Aglipay was born in 1860. He was orphaned early. When he was fourteen and working in the tobacco fields he was arrested for not meeting his daily quota. Stung by the injustice he managed to educated himself, first read law. With this foundation he entered University. After graduating he entered seminary and in 1890 he ordained as a Catholic priest.
He was also a fervent Filipino patriot, one of the leaders of the revolution. During this time of armed struggle he was excommunicated.
When the war ended he was elected the first bishop of a new independent Catholic Church.
All the original clergy of the new church had been Roman Catholic priests. Following his election as their supreme bishop in 1903, the clergy laid hands on Aglipay and invoked the holy spirit to make him their bishop. Not acceptable by traditional Catholic theology concerned with the “historic Episcopate,” and its tactile succession, this didn’t matter to the living church who saw the devotion of this man and the movement he inspired, and which touched the hearts of so many Filipinos and inspired a spiritual revolution as well as a political one…
The church Aglipay led, while remaining Catholic in form, was deeply influenced by Aglipay’s progressivism, his revolutionary politics, and, while never officially, his unitarian theology. And it remained so for several decades following his death.
His personal spiritual path led him to reject the divinity of Jesus and with that the doctrine of the trinity. During his life there were cordial relations with the American Unitarian Association, and in 1931 the Unitarian seminary Meadville Lombard awarded him an honorary doctorate.

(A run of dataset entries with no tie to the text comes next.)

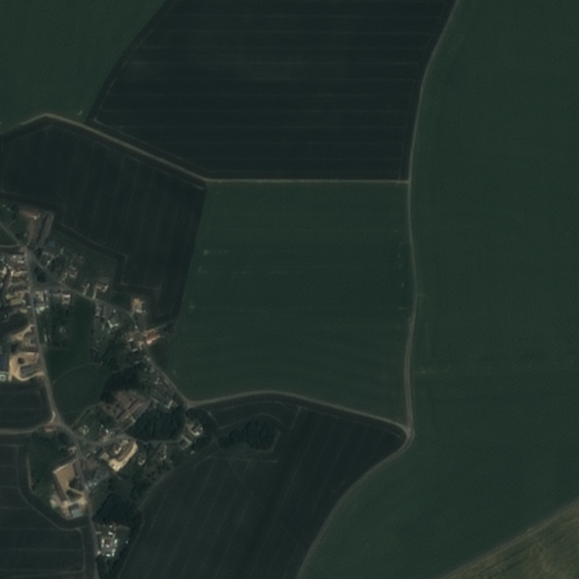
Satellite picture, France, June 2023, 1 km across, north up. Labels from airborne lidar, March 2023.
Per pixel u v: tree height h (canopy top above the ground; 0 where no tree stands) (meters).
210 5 0
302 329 0
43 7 0
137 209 0
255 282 0
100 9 0
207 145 0
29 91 0
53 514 0
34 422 0
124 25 0
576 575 0
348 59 0
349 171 0
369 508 0
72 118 0
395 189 0
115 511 17
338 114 0
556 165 0
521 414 0
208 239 0
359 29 0
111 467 0
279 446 0
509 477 0
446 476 0
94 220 0
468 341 0
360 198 0
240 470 0
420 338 0
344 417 0
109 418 8
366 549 0
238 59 0
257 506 0
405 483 0
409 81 0
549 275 0
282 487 0
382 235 0
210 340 0
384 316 0
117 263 0
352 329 0
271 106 0
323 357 0
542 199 0
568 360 0
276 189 0
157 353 0
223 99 0
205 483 0
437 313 0
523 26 0
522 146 0
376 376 0
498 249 0
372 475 0
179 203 0
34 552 0
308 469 0
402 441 0
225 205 0
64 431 0
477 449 0
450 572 0
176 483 0
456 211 0
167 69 0
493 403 0
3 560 0
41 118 0
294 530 0
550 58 0
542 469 0
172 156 0
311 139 0
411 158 0
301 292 0
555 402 0
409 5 0
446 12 0
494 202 0
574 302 0
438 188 0
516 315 0
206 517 0
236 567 0
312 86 0
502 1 0
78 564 0
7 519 0
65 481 0
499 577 0
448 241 0
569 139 0
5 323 0
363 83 0
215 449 0
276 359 0
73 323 0
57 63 0
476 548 0
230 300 0
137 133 0
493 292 0
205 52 0
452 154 0
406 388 0
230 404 0
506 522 0
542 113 0
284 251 0
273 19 0
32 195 0
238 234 0
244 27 0
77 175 0
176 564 0
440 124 0
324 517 0
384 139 0
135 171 0
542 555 0
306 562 0
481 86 0
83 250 0
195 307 0
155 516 0
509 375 0
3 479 0
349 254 0
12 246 0
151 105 0
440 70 0
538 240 0
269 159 0
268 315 0
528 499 0
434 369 0
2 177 0
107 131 0
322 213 0
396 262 0
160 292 0
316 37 0
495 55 0
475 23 0
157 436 13
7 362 0
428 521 0
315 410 0
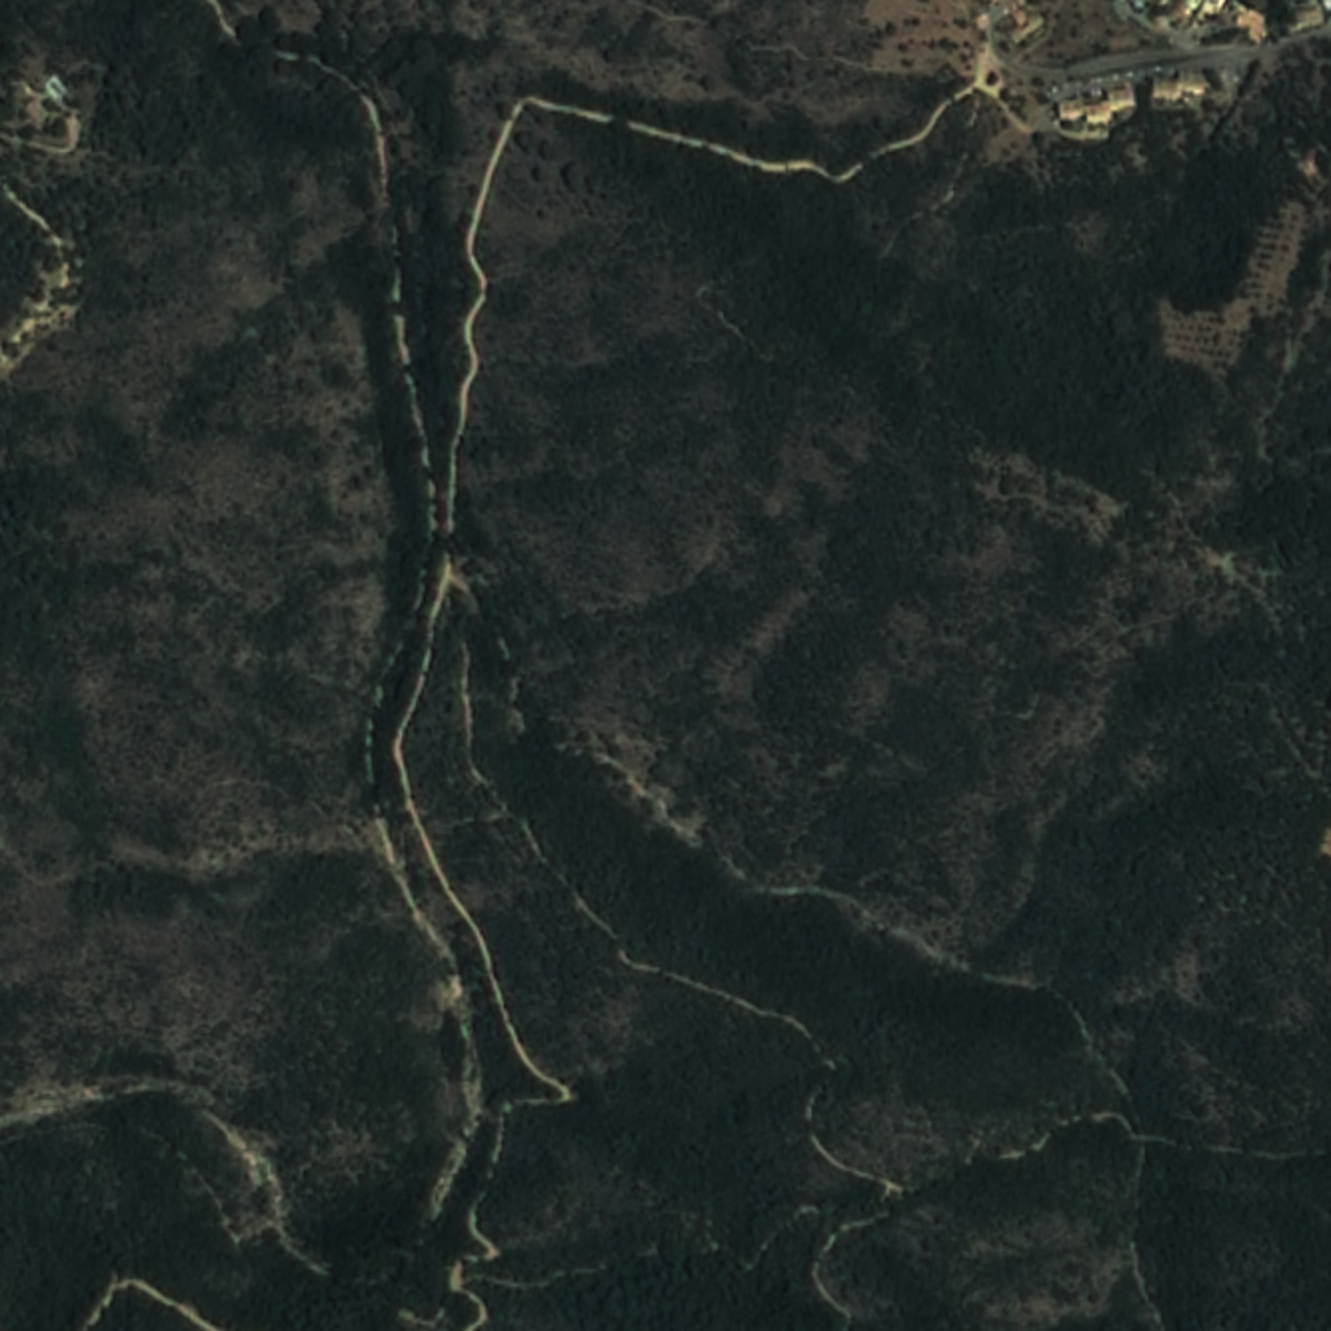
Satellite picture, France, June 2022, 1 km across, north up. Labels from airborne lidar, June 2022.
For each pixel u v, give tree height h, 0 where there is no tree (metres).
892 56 0
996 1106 8
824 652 7
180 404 6
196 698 6
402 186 6
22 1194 7
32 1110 0
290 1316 20
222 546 7
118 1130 9
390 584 6
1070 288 5
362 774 9
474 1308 8
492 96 8
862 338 7
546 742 7
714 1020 6
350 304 6
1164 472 10
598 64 0
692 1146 6
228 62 8
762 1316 16
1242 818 9
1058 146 7
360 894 7
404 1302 10
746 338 5
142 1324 7
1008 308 10
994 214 6
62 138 10
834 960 14
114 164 7
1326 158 8
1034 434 7
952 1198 7
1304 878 8
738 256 7
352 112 8
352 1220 8
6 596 6
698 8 5
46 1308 8
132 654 6
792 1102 7
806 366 6
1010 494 9
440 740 8
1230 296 13
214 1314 7
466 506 6
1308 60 6
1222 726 7
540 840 7
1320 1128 7
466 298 7
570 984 7
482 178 0
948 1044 12
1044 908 6
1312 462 6
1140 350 7
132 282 8
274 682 8
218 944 6
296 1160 9
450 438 9
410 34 8
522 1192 6
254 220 8
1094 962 9
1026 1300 6
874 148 6
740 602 6
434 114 15
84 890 13
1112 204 8
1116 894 8
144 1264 9
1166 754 7
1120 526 8
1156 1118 8
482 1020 6
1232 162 8
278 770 6
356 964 7
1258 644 8
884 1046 16
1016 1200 8
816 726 6
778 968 9
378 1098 9
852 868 7
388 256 10
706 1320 10
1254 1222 6
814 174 8
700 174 7
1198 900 7
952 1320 8
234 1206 6
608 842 6
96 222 11
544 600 7
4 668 6
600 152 7
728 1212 8
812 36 0
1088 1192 8
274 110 9
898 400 7
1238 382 8
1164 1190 8
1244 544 7
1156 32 0
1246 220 8
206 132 8
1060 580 6
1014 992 8
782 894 7
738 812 7
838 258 6
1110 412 7
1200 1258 11
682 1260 14
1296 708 12
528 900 7
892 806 6
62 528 9
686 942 7
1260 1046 11
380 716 10
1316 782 7
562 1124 8
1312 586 12
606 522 6
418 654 11
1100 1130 8
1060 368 8
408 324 6
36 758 8
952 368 7
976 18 0
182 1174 6
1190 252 7
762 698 9
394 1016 9
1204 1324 8
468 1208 7
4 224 11
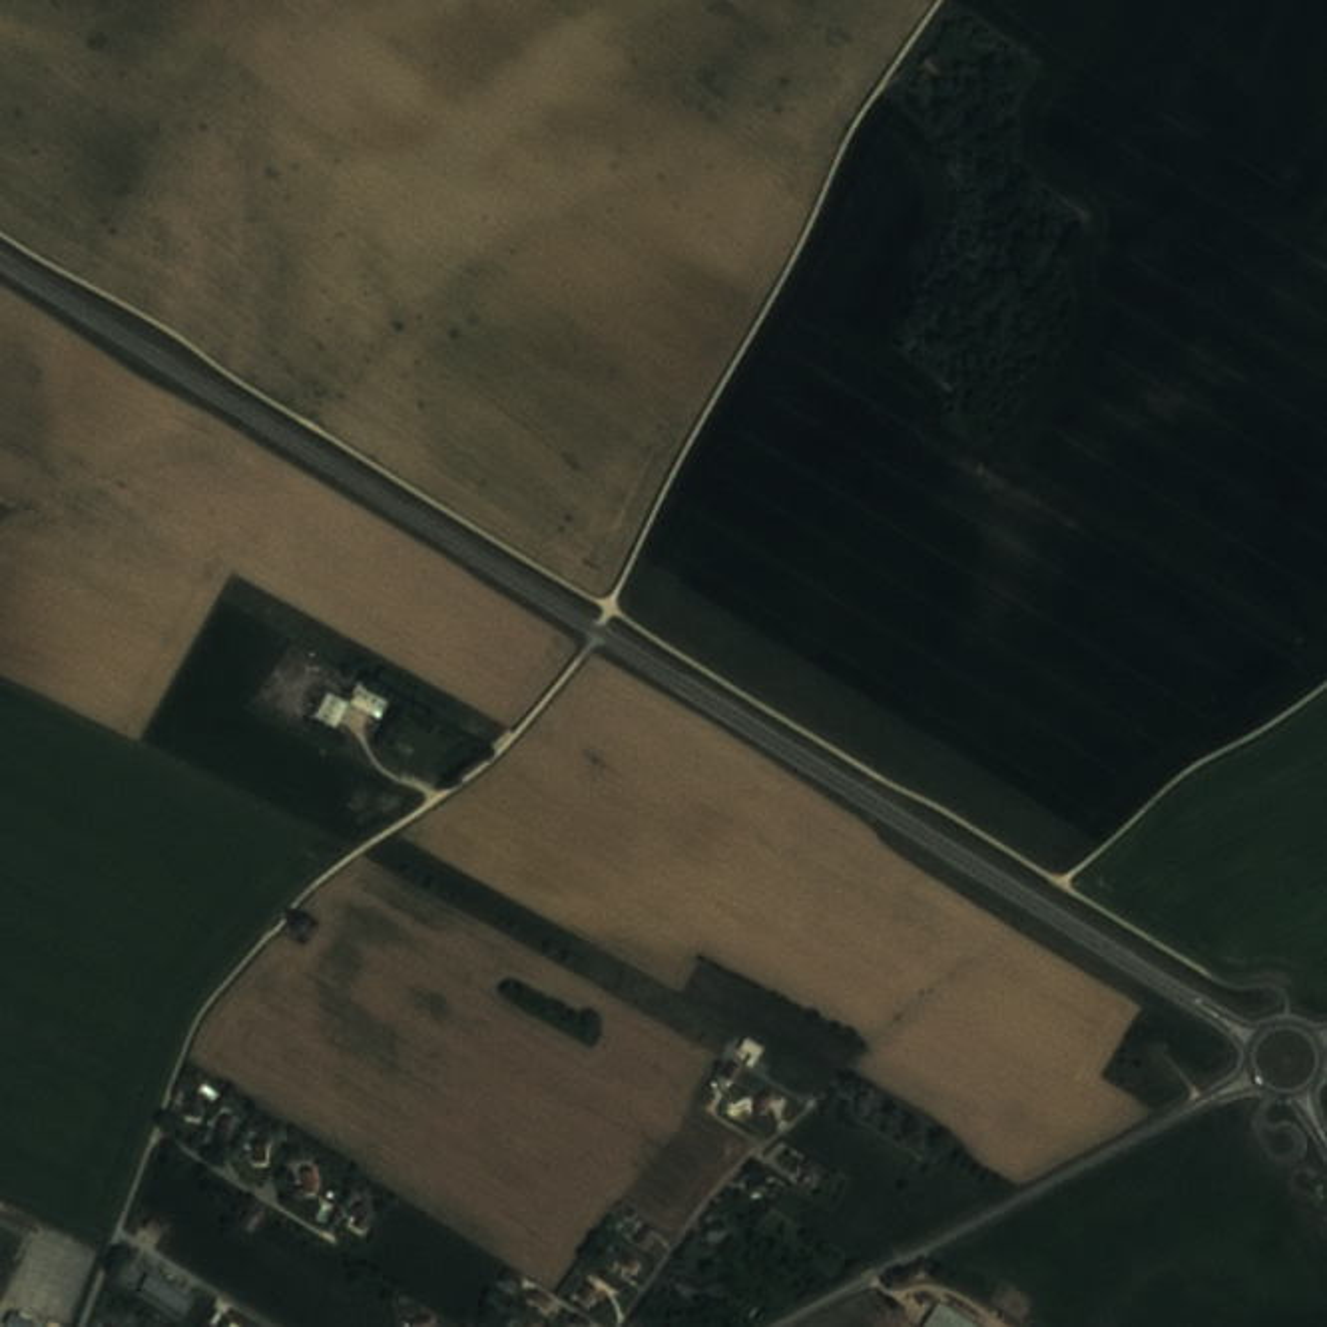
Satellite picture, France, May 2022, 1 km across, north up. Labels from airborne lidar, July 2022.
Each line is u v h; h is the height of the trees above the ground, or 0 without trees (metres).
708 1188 0
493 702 0
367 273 0
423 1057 0
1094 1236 0
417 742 0
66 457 0
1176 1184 0
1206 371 0
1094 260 0
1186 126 0
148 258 0
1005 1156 0
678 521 0
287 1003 0
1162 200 0
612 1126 0
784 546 0
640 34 0
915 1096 0
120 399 0
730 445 0
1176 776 0
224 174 0
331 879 0
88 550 0
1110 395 0
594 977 0
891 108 0
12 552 0
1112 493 0
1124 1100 0
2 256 0
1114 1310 0
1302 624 0
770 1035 0
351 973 0
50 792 0
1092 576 0
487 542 0
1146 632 0
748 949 0
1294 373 0
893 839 0
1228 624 0
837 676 0
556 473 0
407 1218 0
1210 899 0
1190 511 0
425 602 0
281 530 0
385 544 0
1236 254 0
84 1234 0
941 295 24
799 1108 0
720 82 0
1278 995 0
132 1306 6
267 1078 0
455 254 0
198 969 0
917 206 0
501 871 0
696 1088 0
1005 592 0
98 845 0
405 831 0
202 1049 0
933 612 0
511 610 0
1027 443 0
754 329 0
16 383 0
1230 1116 0
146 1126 0
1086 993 0
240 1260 0
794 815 0
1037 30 0
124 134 0
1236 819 0
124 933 0
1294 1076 0
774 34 0
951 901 0
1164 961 0
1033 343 20
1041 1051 0
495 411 0
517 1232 0
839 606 0
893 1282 12
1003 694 0
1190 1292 0
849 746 0
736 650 0
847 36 0
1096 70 0
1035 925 0
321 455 0
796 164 0
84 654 0
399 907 0
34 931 0
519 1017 0
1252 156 0
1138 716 0
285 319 0
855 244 0
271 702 0
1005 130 22
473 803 0
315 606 0
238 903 0
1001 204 22
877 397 0
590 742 0
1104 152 0
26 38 0
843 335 0
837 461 0
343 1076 0
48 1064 0
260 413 0
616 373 0
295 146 0
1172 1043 0
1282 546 0
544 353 0
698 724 0
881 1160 0
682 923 0
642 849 0
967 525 0
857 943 0
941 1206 0
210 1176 8
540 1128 0
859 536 0
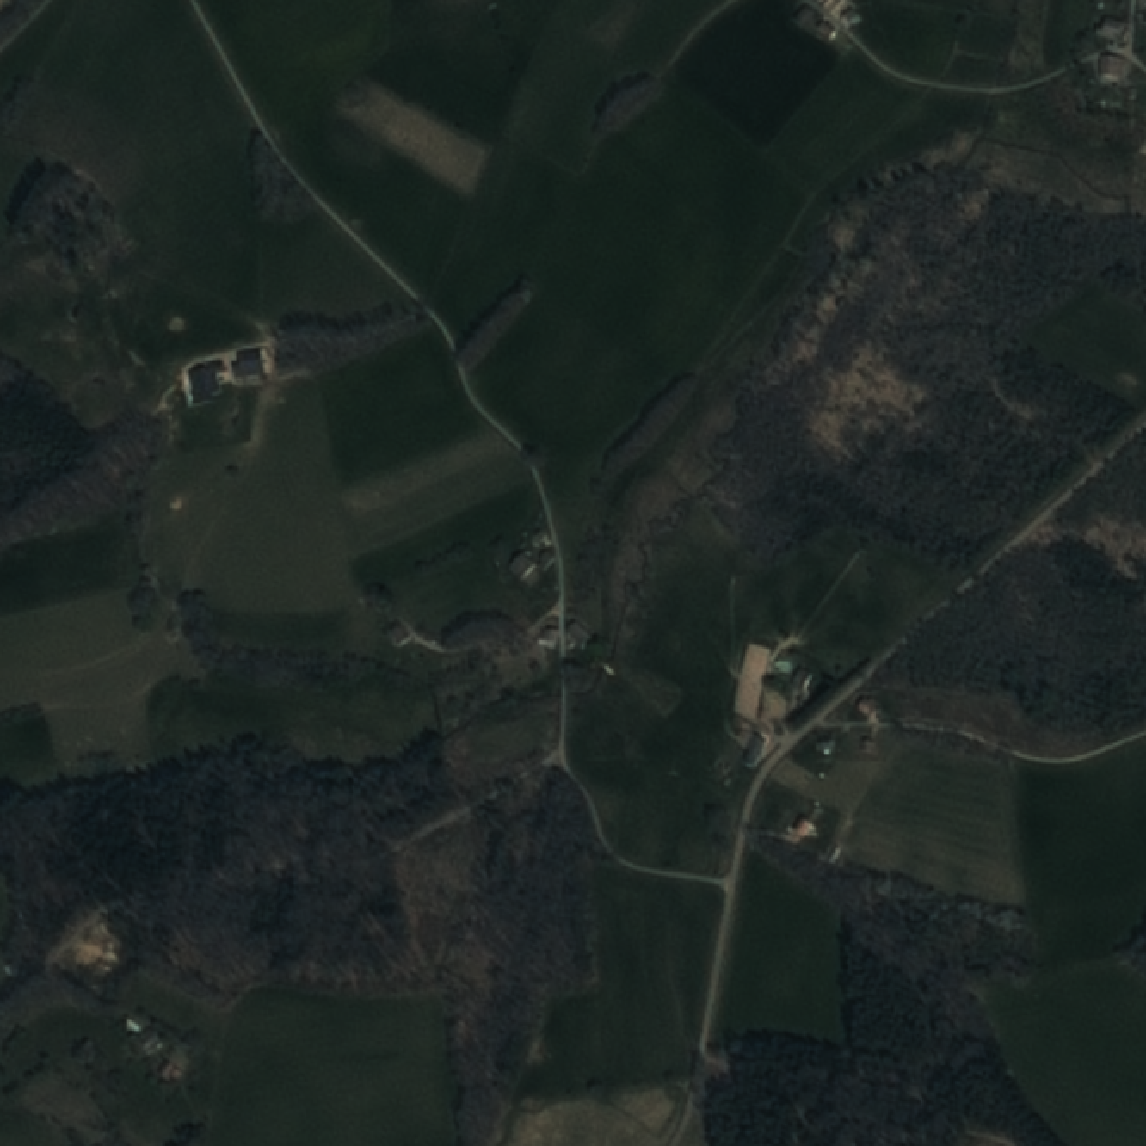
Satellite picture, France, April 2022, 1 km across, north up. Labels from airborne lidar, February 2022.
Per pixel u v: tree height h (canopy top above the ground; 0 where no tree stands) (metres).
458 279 0
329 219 0
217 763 25
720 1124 23
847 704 0
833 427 0
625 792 0
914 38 0
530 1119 0
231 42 0
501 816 12
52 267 0
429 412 0
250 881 29
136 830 18
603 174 0
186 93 0
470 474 0
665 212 0
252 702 0
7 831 27
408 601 0
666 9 0
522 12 0
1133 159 0
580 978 24
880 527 9
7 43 18
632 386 0
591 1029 0
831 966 0
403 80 0
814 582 0
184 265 0
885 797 0
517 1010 28
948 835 0
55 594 0
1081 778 0
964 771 0
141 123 0
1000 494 13
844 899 27
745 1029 0
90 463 23
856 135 0
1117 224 8
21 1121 0
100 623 0
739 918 0
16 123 15
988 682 9
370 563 0
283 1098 0
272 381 0
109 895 20
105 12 0
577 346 0
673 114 0
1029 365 8
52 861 18
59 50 0
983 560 13
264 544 0
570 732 0
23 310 0
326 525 0
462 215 0
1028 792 0
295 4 0
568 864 27
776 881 0
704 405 0
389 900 7
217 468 0
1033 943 12
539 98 0
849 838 0
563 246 0
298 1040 0
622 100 18
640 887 0
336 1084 0
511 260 0
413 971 23
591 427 0
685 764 0
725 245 0
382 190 0
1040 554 10
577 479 0
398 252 0
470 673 7
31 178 0
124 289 0
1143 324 0
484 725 0
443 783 27
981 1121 28
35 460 17
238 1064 0
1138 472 10
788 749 0
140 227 0
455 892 0
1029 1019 0
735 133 0
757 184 0
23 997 25
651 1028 0
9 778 0
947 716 0
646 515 0
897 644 0
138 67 0
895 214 10
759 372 14
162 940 6
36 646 0
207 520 0
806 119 0
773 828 0
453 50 0
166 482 0
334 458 0
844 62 0
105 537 0
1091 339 0
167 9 0
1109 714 10
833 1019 0
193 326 0
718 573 0
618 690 0
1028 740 0
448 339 0
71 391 0
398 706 0
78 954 0
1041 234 7
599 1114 0
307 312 0
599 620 0
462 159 0
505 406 0
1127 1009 0
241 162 0
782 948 0
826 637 0
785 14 0
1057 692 17
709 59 0
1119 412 11
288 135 0
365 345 30
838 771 0
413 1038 0
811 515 9
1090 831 0
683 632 0
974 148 0
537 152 0
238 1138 0
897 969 29
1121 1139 0
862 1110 27
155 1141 0
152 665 0
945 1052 22
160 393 0
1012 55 0
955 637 11
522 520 0
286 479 0
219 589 0
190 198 0
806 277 0
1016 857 0
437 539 0
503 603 0
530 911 25
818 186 0
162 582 0
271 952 27
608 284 0
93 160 0
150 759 0
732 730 0
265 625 0
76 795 30
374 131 0
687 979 0
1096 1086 0
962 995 30
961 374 11
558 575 0
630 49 0
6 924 0
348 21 0
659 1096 0
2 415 23
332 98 0
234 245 0
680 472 0
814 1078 29
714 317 0
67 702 0
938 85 0
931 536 8
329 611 0
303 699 0
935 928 23
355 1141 0
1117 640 10
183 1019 0
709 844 0

According to one online source his developed theology asserted “God is a universal and intelligent force, the principle of all life and movement. Satisfaction of human needs is achieved through work rather than prayer. All reward and punishment for virtuous or evil behavior occur in this life. The origin of the universe is explained as development and not creation because matter has no beginning.”
There were tensions within the church from the beginning between Aglipay’s liberals and more traditional members. Eventually there would be a schism and after the bishop’s death in 1940 the courts awarded the name and assets to the trinitarian faction. In 1961 the Philippine Independent Church joined world wide Anglicanism when its bishops were all re-consecrated within the Anglican version of apostolic succession.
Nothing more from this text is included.